DID YOU GROW UP WITH ME, TOO?

by June Foray, with Mark Evanier & Earl Kress

BearManor Media

978-0-06-116170-4

162pp/$19.95/July 2009

Did You Grow Up With Me, Too?
Cover by Scott McKowan

Reviewed by Steven H Silver


There is also a good chance that you don't know the name "June Foray," but you've probably heard her voice hundreds of times in your life. Chances are that you've never, or only rarely, heard her speak in her normal voice.  However, if you grew up in the sixties watching The Bullwinkle Show, or the seventies with the animated Horton Hears a Who, or the eighties with Adventures of the Gummi Bears, you can answer in the affirmative the title of Foray's autobiography, Did You Grow Up With Me, Too?

This all-too-slim volume recounts Foray's work in Hollywood, voicing everything from witches (always witches), to grandmothers, to little boys, to flying squirrels, to...pretty much whatever was called for in the world of animation.  However, while animation is what Foray is best known for, she also describes the few times she appeared in front of the camera and her work looping for actresses whose lines needed to be re-recorded by other people.

Written with the help of Mark Evanier and Earl Kress, Did You Grow Up With Me, Too? is a chatty, almost stream of thought look back at Foray's days in the business.  Almost stream of thought, because despite the frequent asides, Foray has clearly planned to speak about different aspects of her career in discrete sections. To this end, when she talks about Chuck Jones, she groups almost all of her work with Warner Brothers into that chapter.  Stan Freberg and Jay Ward similarly receive chapters devoted to the work she has done with them.

And Foray does talk about the people she knows, although always in a professional manner.  Did You Grow Up With Me, Too? is not a Hollywood tell-all book, but rather a fond reminiscence of friends, lost as still around, and the way they built up today's animation industry.  Foray's fondness for Daws Butler, Freberg, Ward, Bill Scott, and others comes through with everything she says, but it does so in a way that is almost anonymous.  She discusses their generosity, their professionalism, and so forth, but she tells very little about them as individuals.  Their relationship and friendship with Foray is not examined, nor does Foray share many anecdotes, which, is fine. They are part of Foray's personal life, although it does contribute to the feeling that the volume is a little thin.

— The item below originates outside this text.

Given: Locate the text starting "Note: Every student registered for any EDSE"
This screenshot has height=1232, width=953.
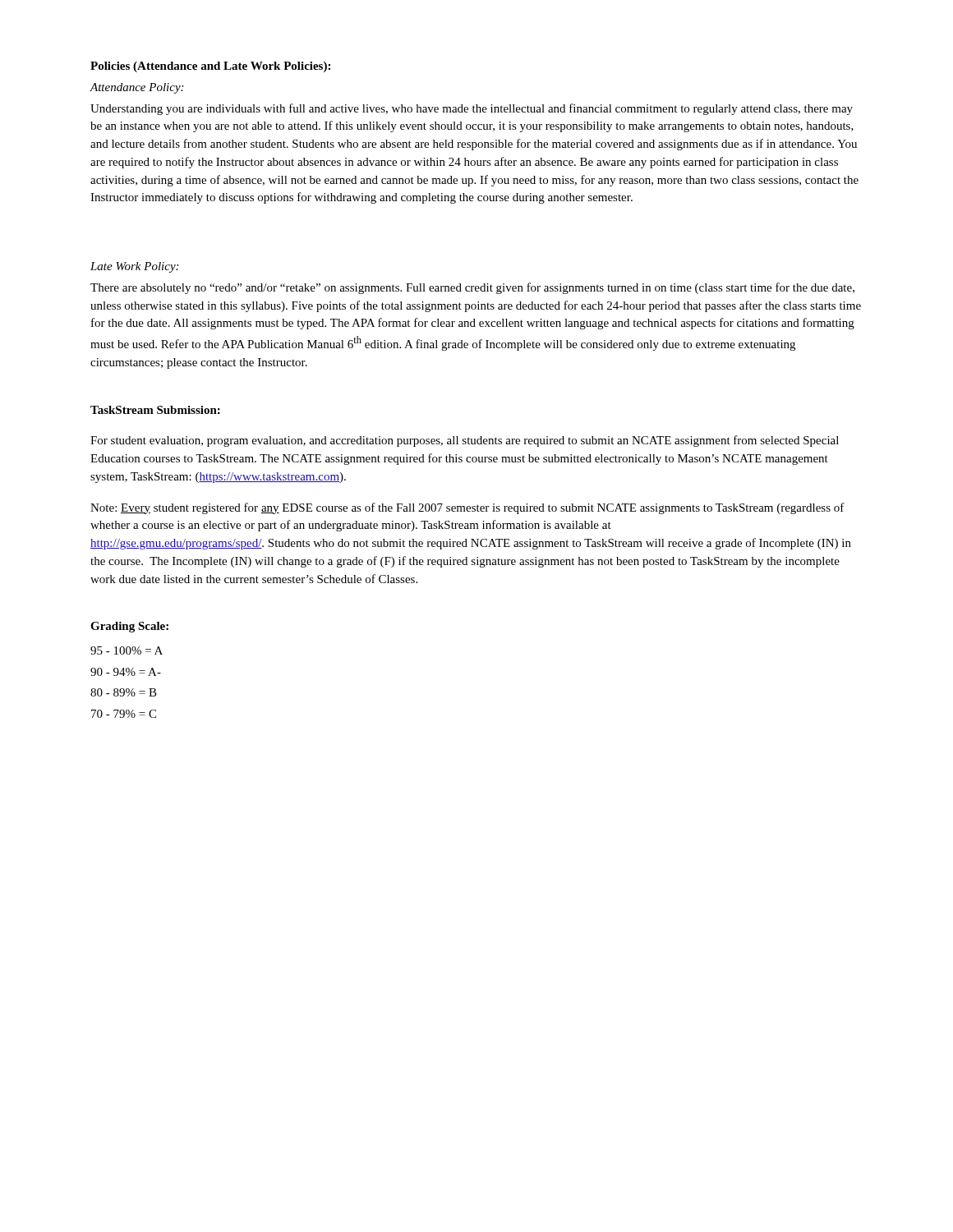Looking at the screenshot, I should (x=476, y=544).
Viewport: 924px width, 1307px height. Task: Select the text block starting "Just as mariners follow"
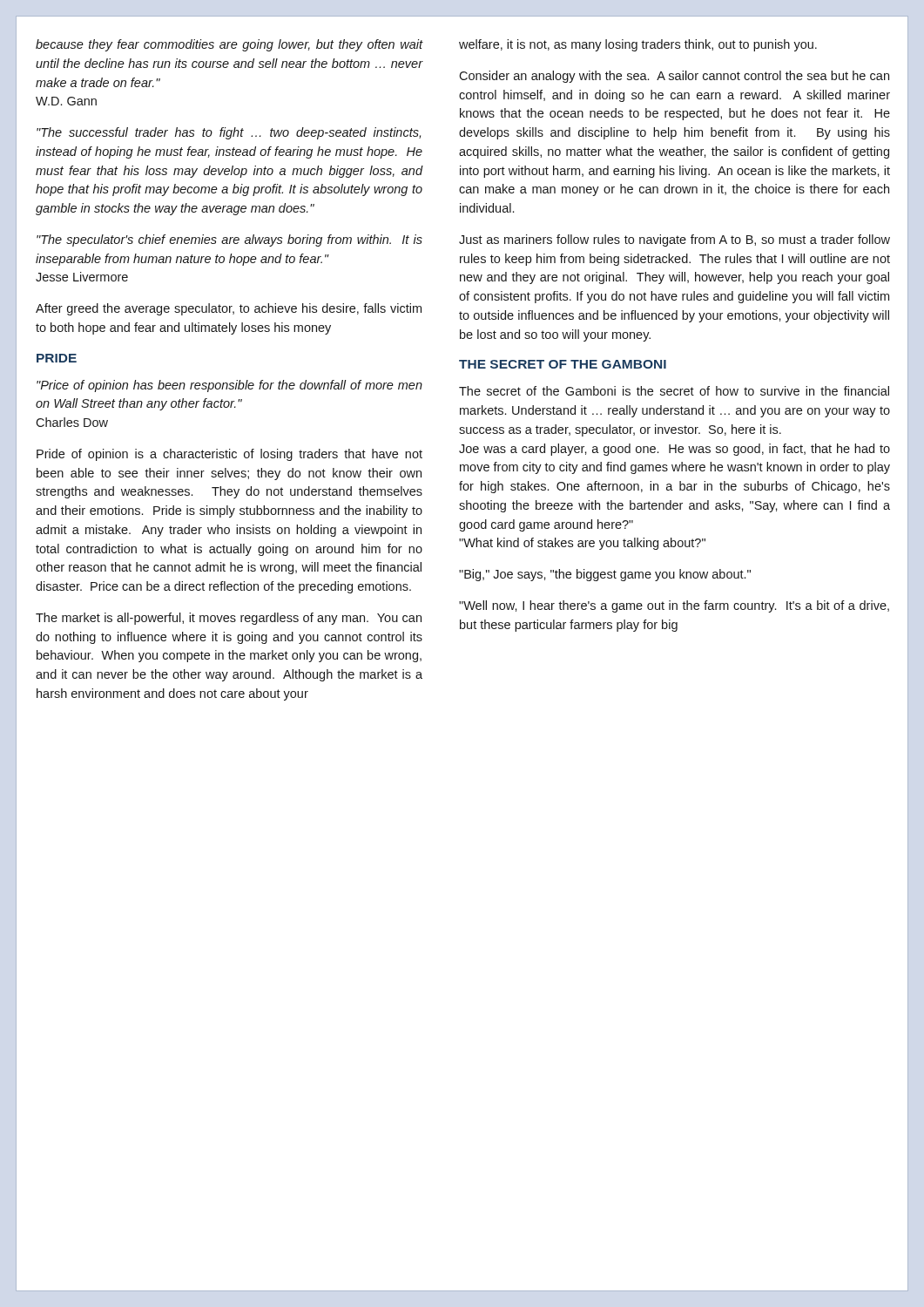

It isn't just that Foray doesn't tell stories out of class about her co-workers.  She also doesn't reveal a lot about herself once she gets past her childhood and into her professional life.  Foray depicts herself as humble, but aware of her competencies.  She is awed by many of the people she works with, acknowledging their genius in the field and noting how thrilled she was to work with them all.  Even while praising the generosity of her friends, Foray shows her own generosity of spirit, whether it was her efforts to get a Lifetime Achievement Academy Award for Chuck Jones, her work in establishing the Annie Awards, or her long years of service on the Board of Governors of the Academy of Motion Picture Arts and Sciences.

Even if it is light on specifics, Did You Grow Up With Me, Too? is a fun, entertaining book.  Perhaps its biggest weakness has nothing to do with what Foray elected to include, but rather what the medium itself couldn't include.  Fortunately, the proliferation of DVDs means that when Foray discusses her vocal appearance in "Broomstick Bunny" or Mulan, it is relatively easy to put the book down for a few moments to insert the appropriate DVD and watch, and more importantly, listen to this talented and versatile actress.